▶ **ACTION ITEM**
With the pictures left out, repeat every entry that follows exactly.

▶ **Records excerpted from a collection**
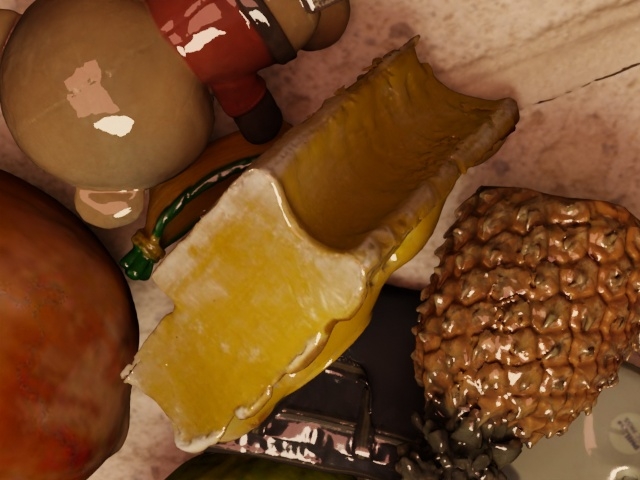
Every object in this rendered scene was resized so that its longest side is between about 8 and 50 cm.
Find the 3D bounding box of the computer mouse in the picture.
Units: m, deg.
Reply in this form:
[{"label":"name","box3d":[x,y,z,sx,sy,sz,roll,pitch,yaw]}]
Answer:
[{"label":"computer mouse","box3d":[0.208,0.251,1.356,0.331,0.095,0.197,-42,69,17]}]

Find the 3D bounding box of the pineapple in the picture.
[{"label":"pineapple","box3d":[0.155,0.125,1.239,0.202,0.202,0.362,25,78,4]}]

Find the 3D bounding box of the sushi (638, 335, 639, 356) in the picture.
[{"label":"sushi","box3d":[0.415,0.099,1.319,0.215,0.050,0.192,-34,94,14]}]

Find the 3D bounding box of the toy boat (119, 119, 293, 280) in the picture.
[{"label":"toy boat","box3d":[-0.091,-0.042,1.348,0.230,0.089,0.088,-24,74,3]}]

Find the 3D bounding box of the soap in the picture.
[{"label":"soap","box3d":[0.000,0.000,1.292,0.169,0.339,0.304,45,130,2]}]

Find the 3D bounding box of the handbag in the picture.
[{"label":"handbag","box3d":[0.008,0.125,1.339,0.254,0.088,0.211,10,63,5]}]

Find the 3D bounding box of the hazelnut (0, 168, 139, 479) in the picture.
[{"label":"hazelnut","box3d":[-0.356,0.106,1.318,0.366,0.366,0.365,2,101,9]}]

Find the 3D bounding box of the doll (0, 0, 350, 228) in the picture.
[{"label":"doll","box3d":[-0.128,-0.172,1.266,0.330,0.174,0.235,-34,97,0]}]

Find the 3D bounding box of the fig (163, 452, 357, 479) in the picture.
[{"label":"fig","box3d":[-0.081,0.295,1.318,0.233,0.314,0.233,-6,77,28]}]

▶ **ANSWER TO THIS TASK**
Every object in this rendered scene was resized so that its longest side is between about 8 and 50 cm.
Find the 3D bounding box of the computer mouse in the picture.
Units: m, deg.
Reply in this form:
[{"label":"name","box3d":[x,y,z,sx,sy,sz,roll,pitch,yaw]}]
Answer:
[{"label":"computer mouse","box3d":[0.208,0.251,1.356,0.331,0.095,0.197,-42,69,17]}]

Find the 3D bounding box of the pineapple in the picture.
[{"label":"pineapple","box3d":[0.155,0.125,1.239,0.202,0.202,0.362,25,78,4]}]

Find the 3D bounding box of the sushi (638, 335, 639, 356) in the picture.
[{"label":"sushi","box3d":[0.415,0.099,1.319,0.215,0.050,0.192,-34,94,14]}]

Find the 3D bounding box of the toy boat (119, 119, 293, 280) in the picture.
[{"label":"toy boat","box3d":[-0.091,-0.042,1.348,0.230,0.089,0.088,-24,74,3]}]

Find the 3D bounding box of the soap in the picture.
[{"label":"soap","box3d":[0.000,0.000,1.292,0.169,0.339,0.304,45,130,2]}]

Find the 3D bounding box of the handbag in the picture.
[{"label":"handbag","box3d":[0.008,0.125,1.339,0.254,0.088,0.211,10,63,5]}]

Find the 3D bounding box of the hazelnut (0, 168, 139, 479) in the picture.
[{"label":"hazelnut","box3d":[-0.356,0.106,1.318,0.366,0.366,0.365,2,101,9]}]

Find the 3D bounding box of the doll (0, 0, 350, 228) in the picture.
[{"label":"doll","box3d":[-0.128,-0.172,1.266,0.330,0.174,0.235,-34,97,0]}]

Find the 3D bounding box of the fig (163, 452, 357, 479) in the picture.
[{"label":"fig","box3d":[-0.081,0.295,1.318,0.233,0.314,0.233,-6,77,28]}]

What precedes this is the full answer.